Current wait reason: this is Railiance/operator-owned live cluster work. State Hub handoff message 9a074b7c-4b87-4e3c-a6bf-e1fe5580daa8 asks railiance-cluster to reconcile the updated config and smoke it.

2026-06-19 recheck:

  • Deployed llm-connect into the activity-core namespace on railiance01 (the cluster that runs actcore-worker). coulombcore had llm-connect only; the in-cluster Service URL is cluster-local.
  • actcore-runtime-config already exposed the verified URL and timeout; deployment/actcore-worker was restarted and now reports LLM_CONNECT_URL=http://llm-connect.activity-core.svc.cluster.local:8080.
  • llm-connect-provider-secrets reports DATA 1; no Secret values were inspected.
  • Worker health probe to llm-connect /health returns {"status": "ok"}.
  • actcore-state-hub-bridge remains 0/1 Ready with upstream timeouts, so T02 is not fully closed until the node-local State Hub tunnel is restored.
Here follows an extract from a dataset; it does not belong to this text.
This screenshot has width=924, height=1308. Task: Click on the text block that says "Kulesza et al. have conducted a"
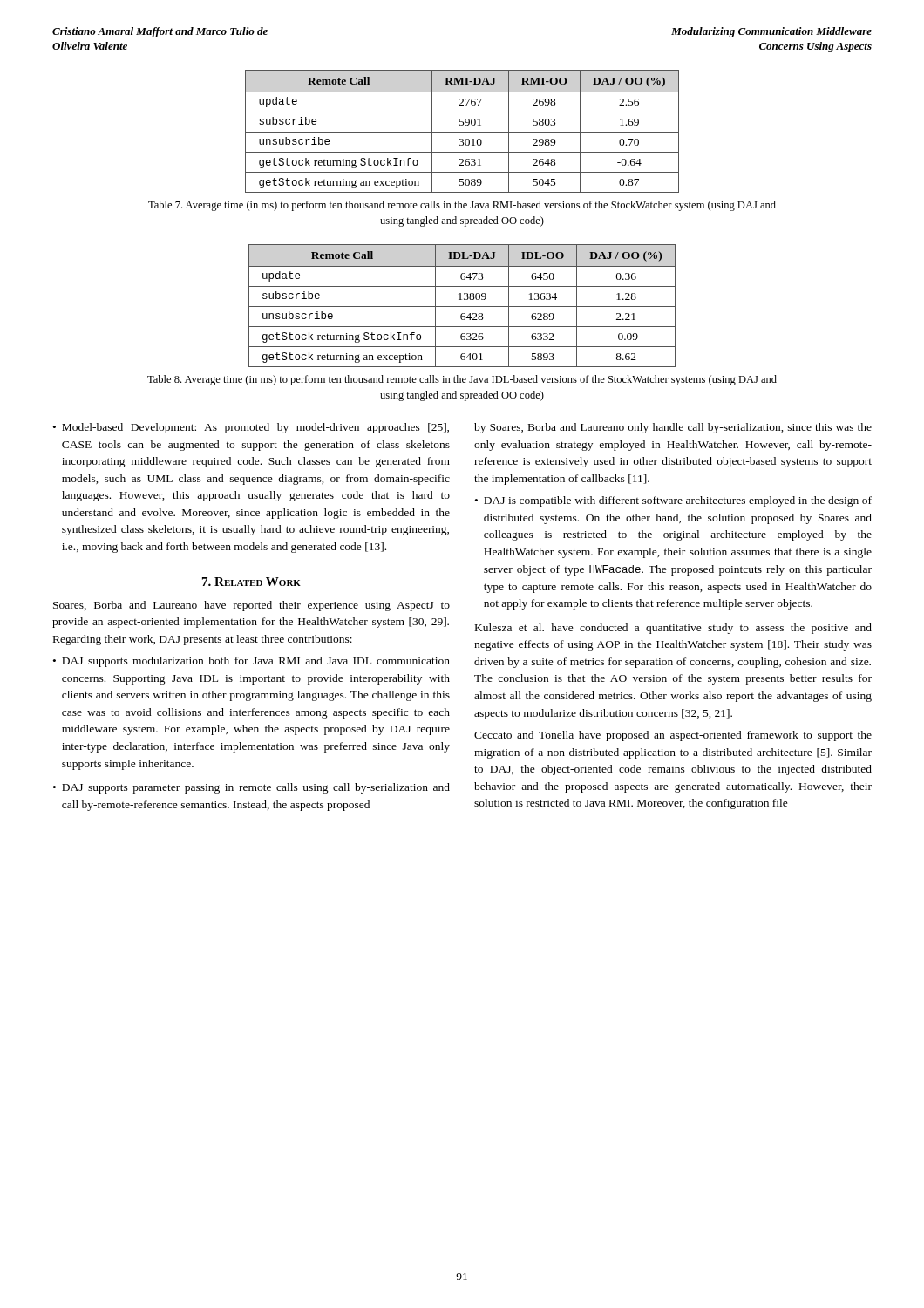(673, 670)

Run Daily Triage Fixture Smoke

id: ACTIVITY-WP-0010-T03
status: wait
priority: high
state_hub_task_id: "10e0df77-c230-4a82-b720-23c66bd17c0a"
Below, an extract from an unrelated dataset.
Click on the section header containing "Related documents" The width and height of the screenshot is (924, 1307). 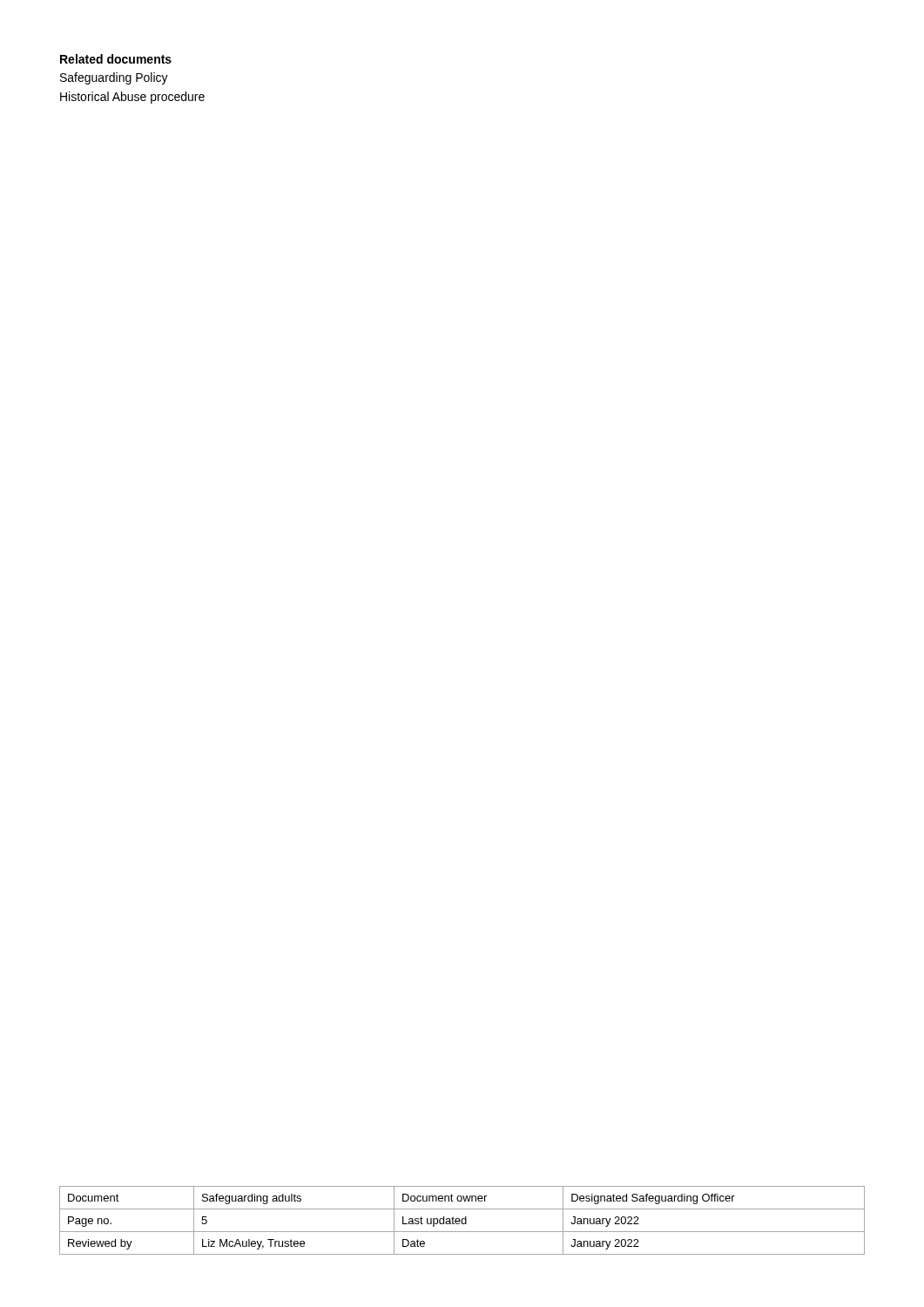coord(115,59)
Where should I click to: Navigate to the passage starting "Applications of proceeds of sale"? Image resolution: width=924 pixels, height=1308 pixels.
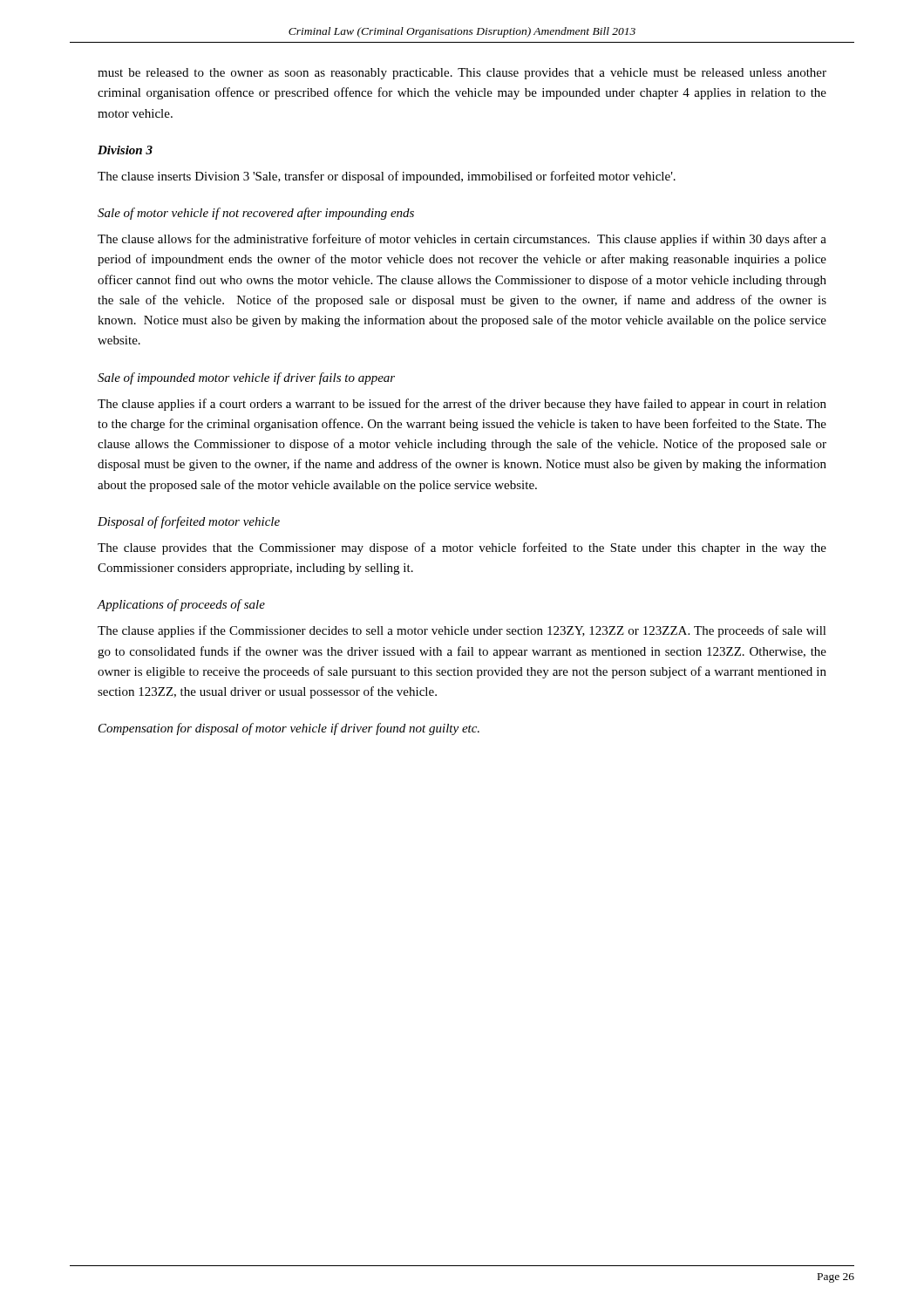(x=181, y=604)

After T02, run a manual or smoke execution of daily-statehub-wsjf-triage against the live activity-core runtime.

Done when:

  • the run calls llm-connect through the configured Service URL;
  • llm-connect returns content accepted as schema-valid daily-triage JSON;
  • State Hub receives a daily_triage progress item with output_validated=true;
  • the working-memory daily-triage note exists at the path recorded in State Hub detail;
  • scripts/verify_daily_triage.py reports the smoke/manual run as present.

2026-06-19 recheck:

  • In-namespace llm-connect fixture smoke on railiance01 passed: smoke: pass health=ok latency_seconds=1.681 recommendations=1.
  • Manual POST /activity-definitions/6fca51fa-387a-4fd0-bc4e-d62c29eb859a/trigger reached llm-connect, but the workflow failed at persist_instruction_reports with state-hub-progress sink Connection refused while actcore-state-hub-bridge is unhealthy.
  • T03 therefore remains open until State Hub bridge reachability is restored and a run emits non-secret daily_triage progress with output_validated=true.

Collect Three Clean Scheduled Runs

id: ACTIVITY-WP-0010-T04
status: wait
priority: high
state_hub_task_id: "dc6b9482-cf43-4fc5-994b-dcd7dea47db7"

Let the normal 07:20 Europe/Berlin schedule produce three consecutive clean daily triage runs after the live config reconciliation.

Done when:

  • three consecutive scheduled runs have Temporal workflow evidence, activity_runs rows, State Hub daily_triage progress, and working-memory notes;
  • none of the three runs are merely manual smoke tests or execution_failed diagnostics;
  • calibration feedback is recorded in State Hub;
  • ACTIVITY-WP-0006-T03 and ACTIVITY-WP-0009-T01 can move from wait to done.

Close Handoff State

id: ACTIVITY-WP-0010-T05
status: wait
priority: medium
state_hub_task_id: "ecc57e21-1716-4daa-aba6-d8a6d824e4ed"

Update the surrounding workplans and State Hub once the live daily triage gate passes.

Done when:

  • ACTIVITY-WP-0006 records the three-run calibration evidence;
  • ACTIVITY-WP-0009 records the scheduled-run trust gap closure;
  • any temporary needs_human flags created for the llm-connect provider/config handoff are cleared or replaced by a narrower follow-up;
  • this workplan is marked finished.